You really should go read a stunning article in Politico Magazine, which interviewed all living former CIA directors and other intelligence officers to answer the question “Did the Bush administration know that an attack was coming?”. And according to the CIA, the answer is an unequivocal yes. Not only did Dubya and his administration not want to hear about any potential terrorist attacks, they didn’t even want a paper trail to show that they had been warned. Rather than keeping us safe, they were more concerned about covering their collective asses.
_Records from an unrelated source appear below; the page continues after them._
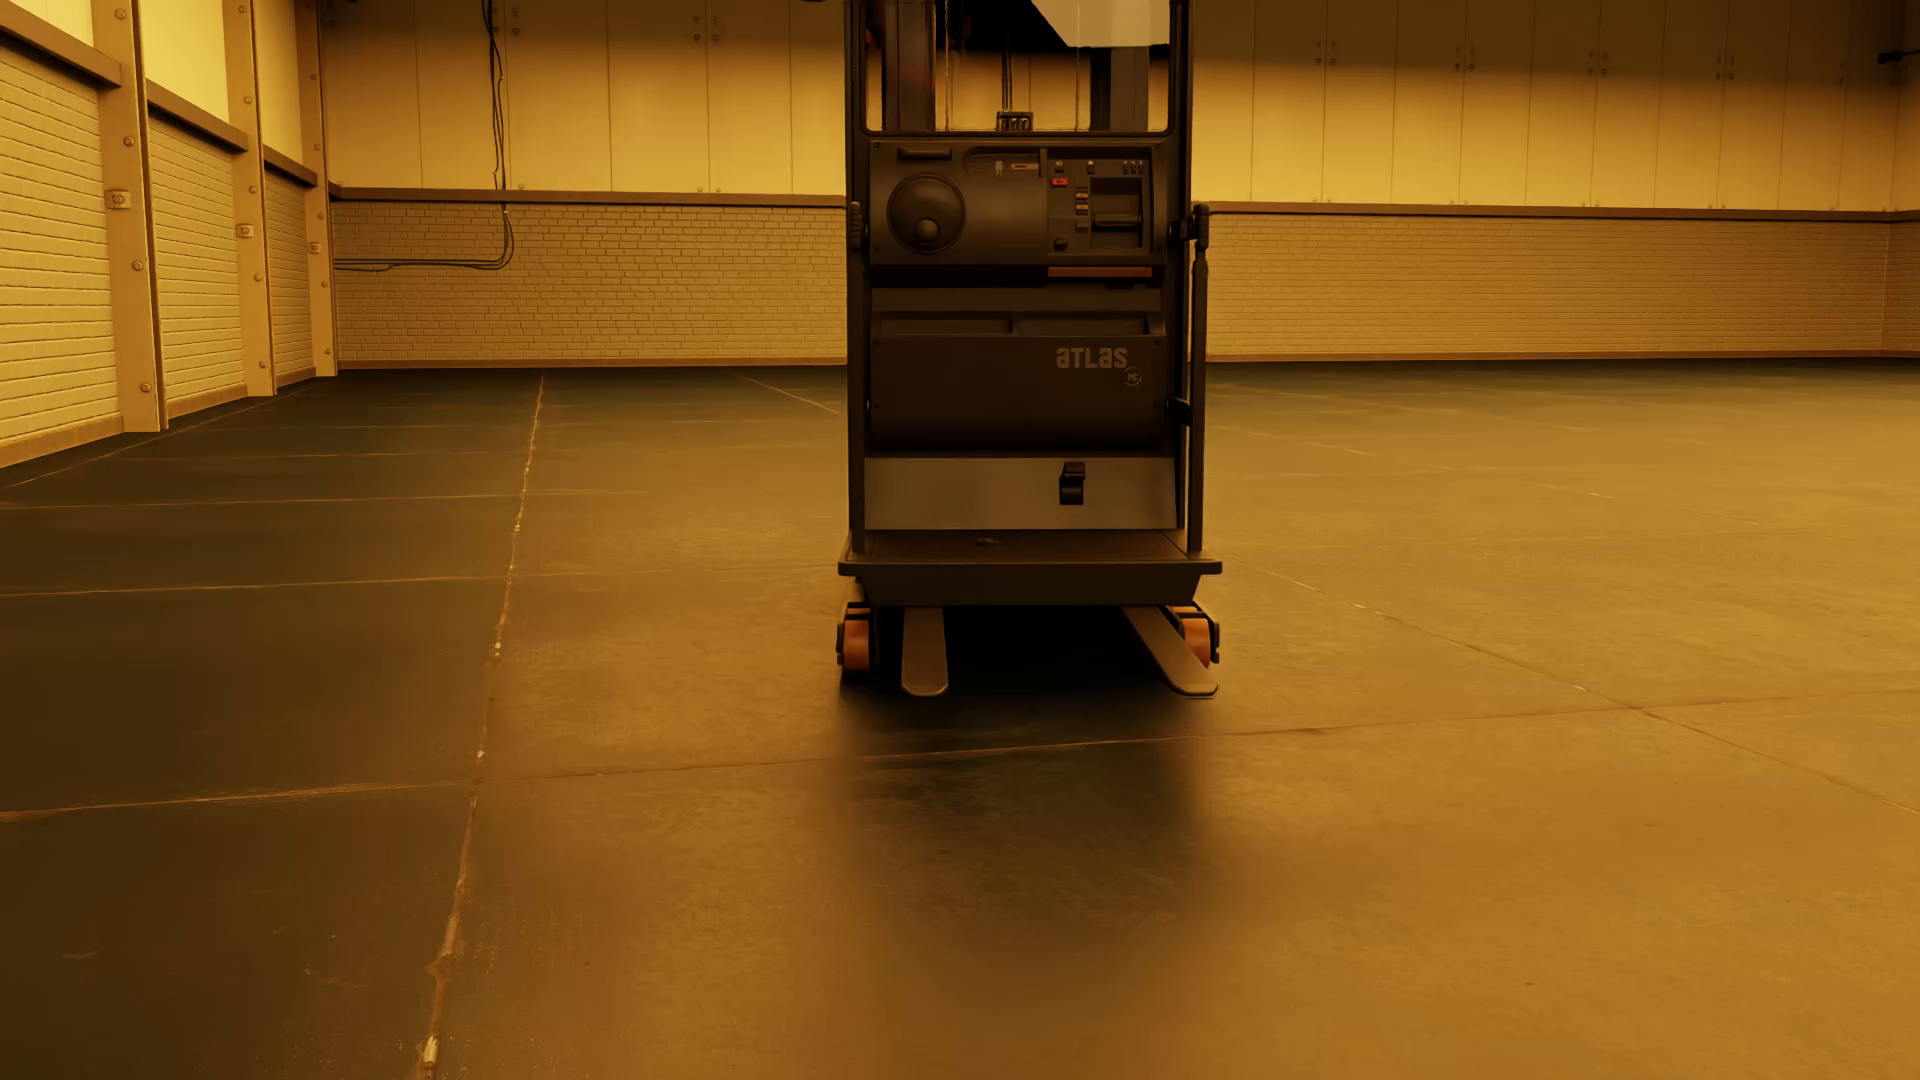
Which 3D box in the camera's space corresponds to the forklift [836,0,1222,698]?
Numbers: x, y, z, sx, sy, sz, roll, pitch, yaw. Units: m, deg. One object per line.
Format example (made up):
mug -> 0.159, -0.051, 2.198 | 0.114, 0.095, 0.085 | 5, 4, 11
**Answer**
forklift -> 0.189, -1.100, 4.997 | 1.130, 2.935, 3.031 | 0, 8, -1
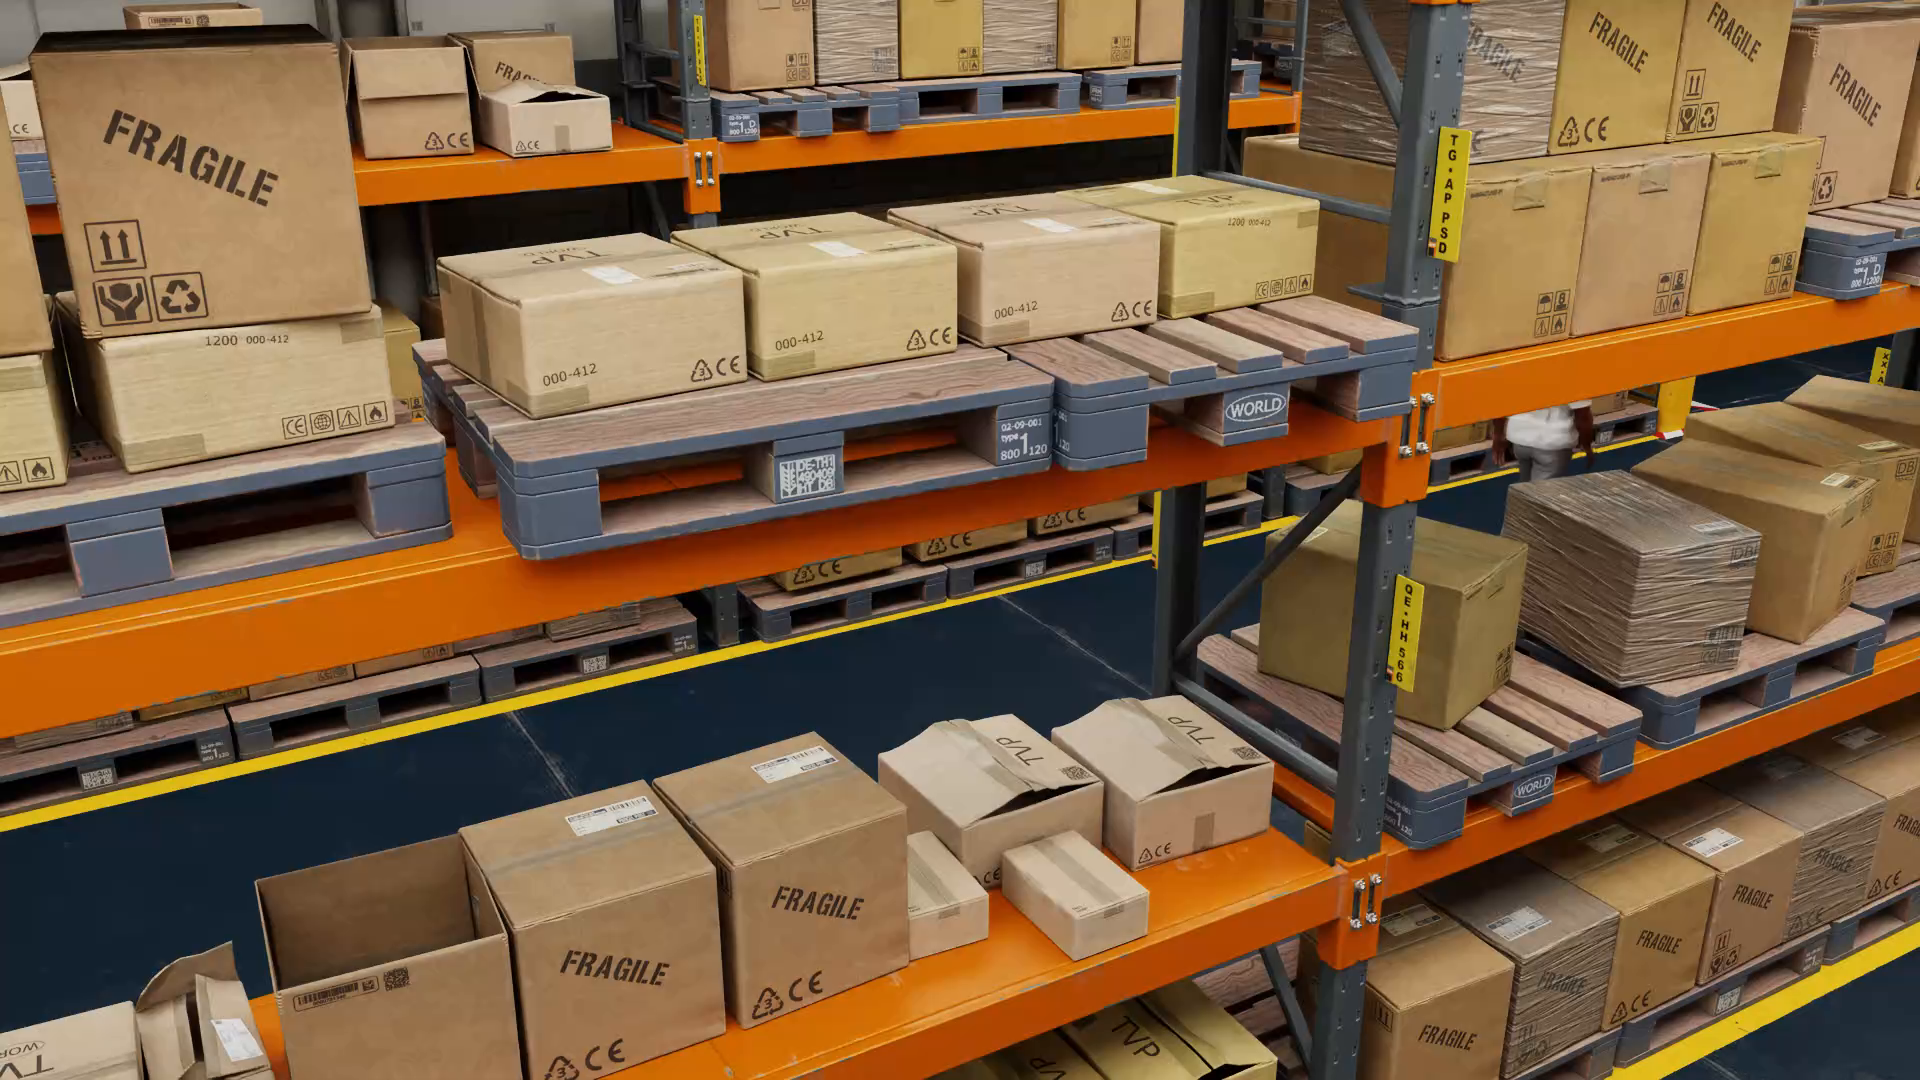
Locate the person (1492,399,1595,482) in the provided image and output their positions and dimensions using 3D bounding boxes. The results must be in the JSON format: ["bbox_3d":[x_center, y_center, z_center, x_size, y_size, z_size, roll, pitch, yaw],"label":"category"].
[{"bbox_3d":[3.513,-0.568,9.993,0.497,1.812,0.567,-15,26,-33],"label":"person"}]

George Tenet (the CIA director during the Clinton and Bush administration, including 9/11) says he warned the Bush administration repeatedly, telling them “There will be significant terrorist attacks against the United States in the coming weeks or months. The attacks will be spectacular. They may be multiple. Al Qaeda’s intention is the destruction of the United States.”
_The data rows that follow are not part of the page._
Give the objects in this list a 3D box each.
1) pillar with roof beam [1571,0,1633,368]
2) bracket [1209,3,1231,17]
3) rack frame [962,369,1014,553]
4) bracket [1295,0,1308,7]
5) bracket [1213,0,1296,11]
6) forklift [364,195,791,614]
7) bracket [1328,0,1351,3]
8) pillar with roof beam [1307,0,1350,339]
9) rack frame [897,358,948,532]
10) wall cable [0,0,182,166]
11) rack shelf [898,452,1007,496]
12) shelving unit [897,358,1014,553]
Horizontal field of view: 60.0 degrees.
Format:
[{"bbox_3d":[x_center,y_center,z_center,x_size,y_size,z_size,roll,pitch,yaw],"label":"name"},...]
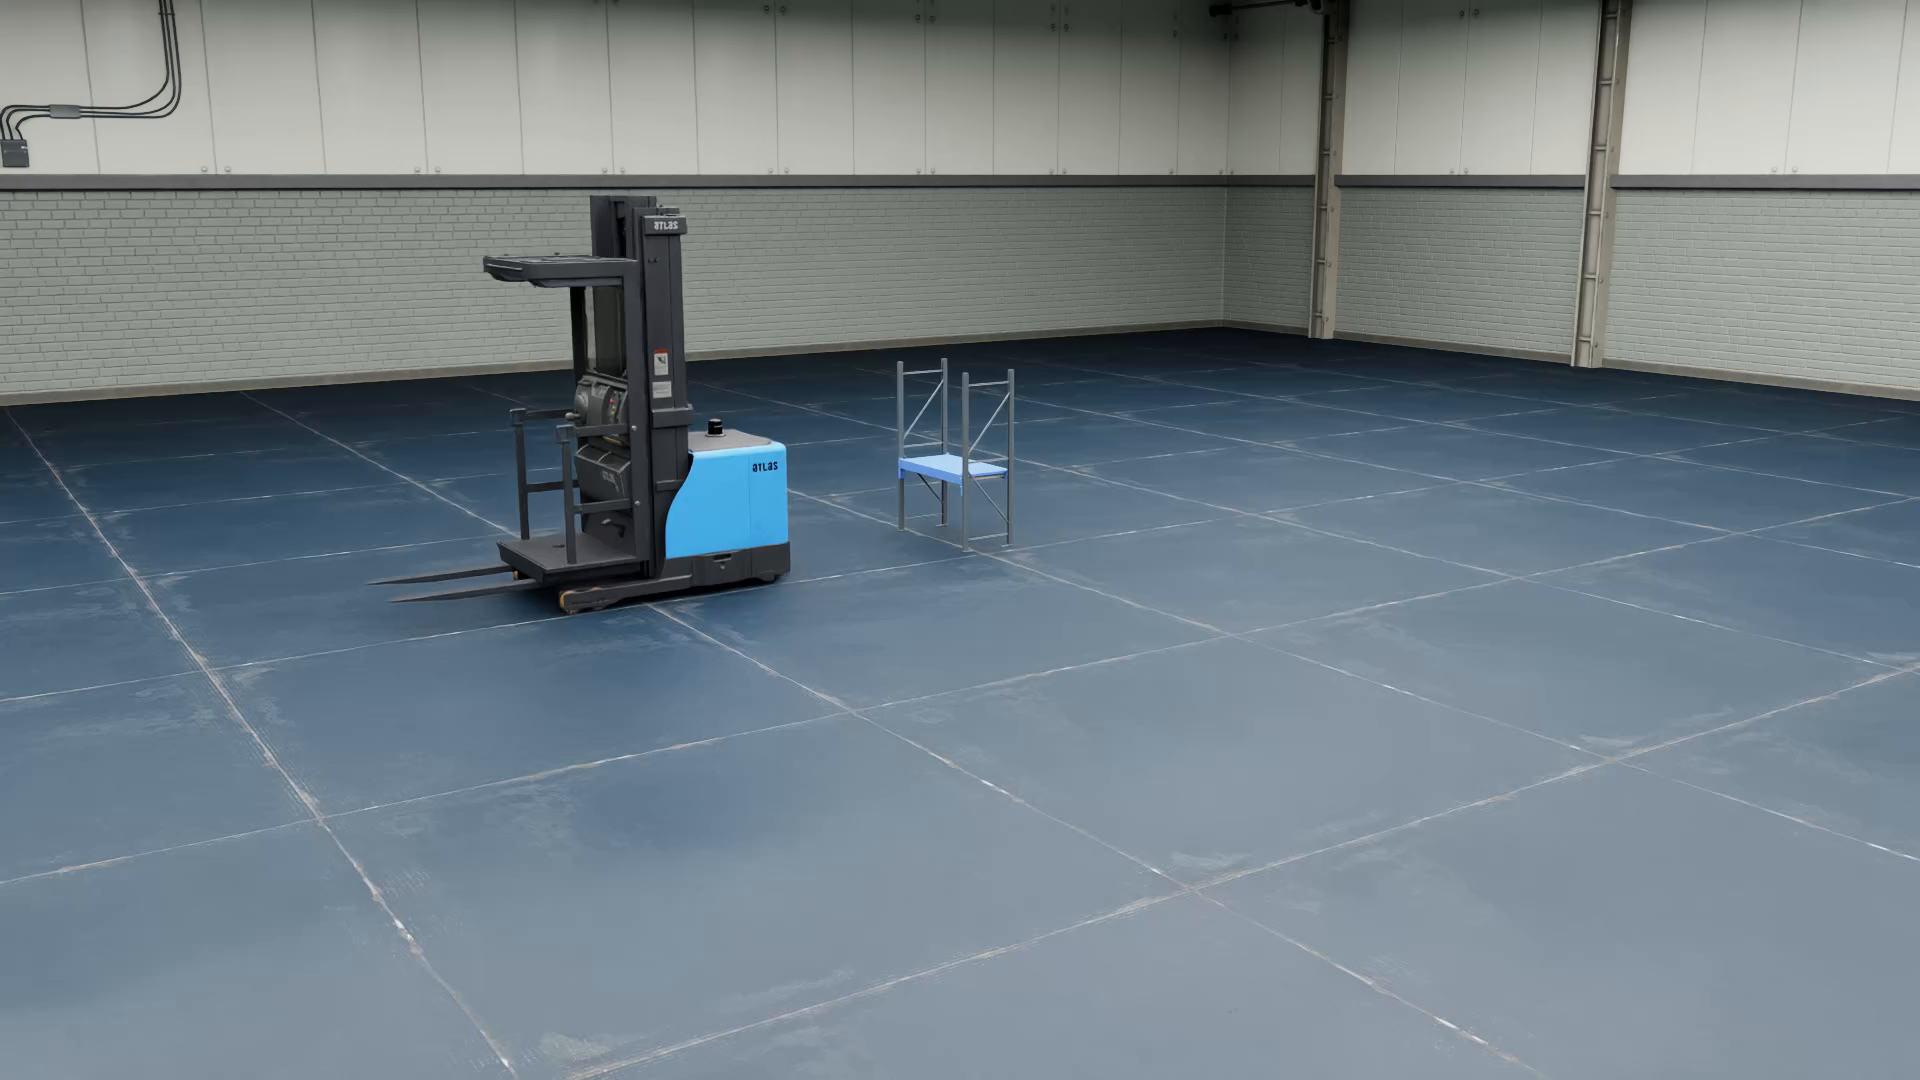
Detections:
[{"bbox_3d":[6.763,-6.751,24.167,9.100,9.000,0.400,-8,15,-33],"label":"pillar with roof beam"},{"bbox_3d":[5.184,-10.539,33.065,0.235,0.232,0.430,-8,15,-33],"label":"bracket"},{"bbox_3d":[0.234,-0.657,13.857,0.500,1.500,0.032,-8,15,-33],"label":"rack frame"},{"bbox_3d":[6.497,-10.118,31.138,0.235,0.232,0.430,-8,15,-33],"label":"bracket"},{"bbox_3d":[5.512,-10.434,32.585,0.076,0.066,3.189,-8,15,-33],"label":"bracket"},{"bbox_3d":[-2.828,-1.030,12.210,3.031,2.935,1.130,-8,15,-33],"label":"forklift"},{"bbox_3d":[6.957,-9.970,30.463,0.235,0.232,0.430,-8,15,-33],"label":"bracket"},{"bbox_3d":[3.439,-7.818,29.047,9.100,9.000,0.548,-8,15,-33],"label":"pillar with roof beam"},{"bbox_3d":[-0.329,-0.838,14.684,0.500,1.500,0.032,-8,15,-33],"label":"rack frame"},{"bbox_3d":[-11.820,-8.062,22.201,2.305,6.003,0.169,-8,15,-33],"label":"wall cable"},{"bbox_3d":[-0.047,-0.572,14.309,0.538,0.185,1.000,-8,15,-33],"label":"rack shelf"},{"bbox_3d":[-0.047,-0.748,14.271,0.538,1.500,1.048,-8,15,-33],"label":"shelving unit"}]

Cofer Black, the then-chief of the CIA’s counterterrorism center, says they refused to do anything: “To me it remains incomprehensible still. I mean, how is it that you could warn senior people so many times and nothing actually happened?”

To me there are only two possibilities. The first is almost too frightening to imagine: that Dubya and his administration knew that 9/11 was going down, and just let it. The more believable possibility was that they were just too stupid and arrogant. As Black puts it, “I think they were mentally stuck back eight years [before]. They were used to terrorists being Euro-lefties — they drink champagne by night, blow things up during the day, how bad can this be? And it was a very difficult sell to communicate the urgency to this.”

Either way, this totally puts the lie to Jeb Bush’s assertion that his brother “kept us safe”. Between ignoring all the warnings about 9/11, and then afterwards getting us into an unrelated and unnecessary war in Iraq, which certainly encouraged (if not directly created) ISIS/ISIL, he did nothing of the kind. It also explains why Dubya’s dad, who is not only a former president but also one of those former CIA directors, recently tried to blame the mistakes made by his son’s administration on Cheney and Rumsfeld. It is called regret.

How many people died unnecessarily because of the Dubya’s administration? And yet the Republicans spend all their time screaming about Clinton and Benghazi.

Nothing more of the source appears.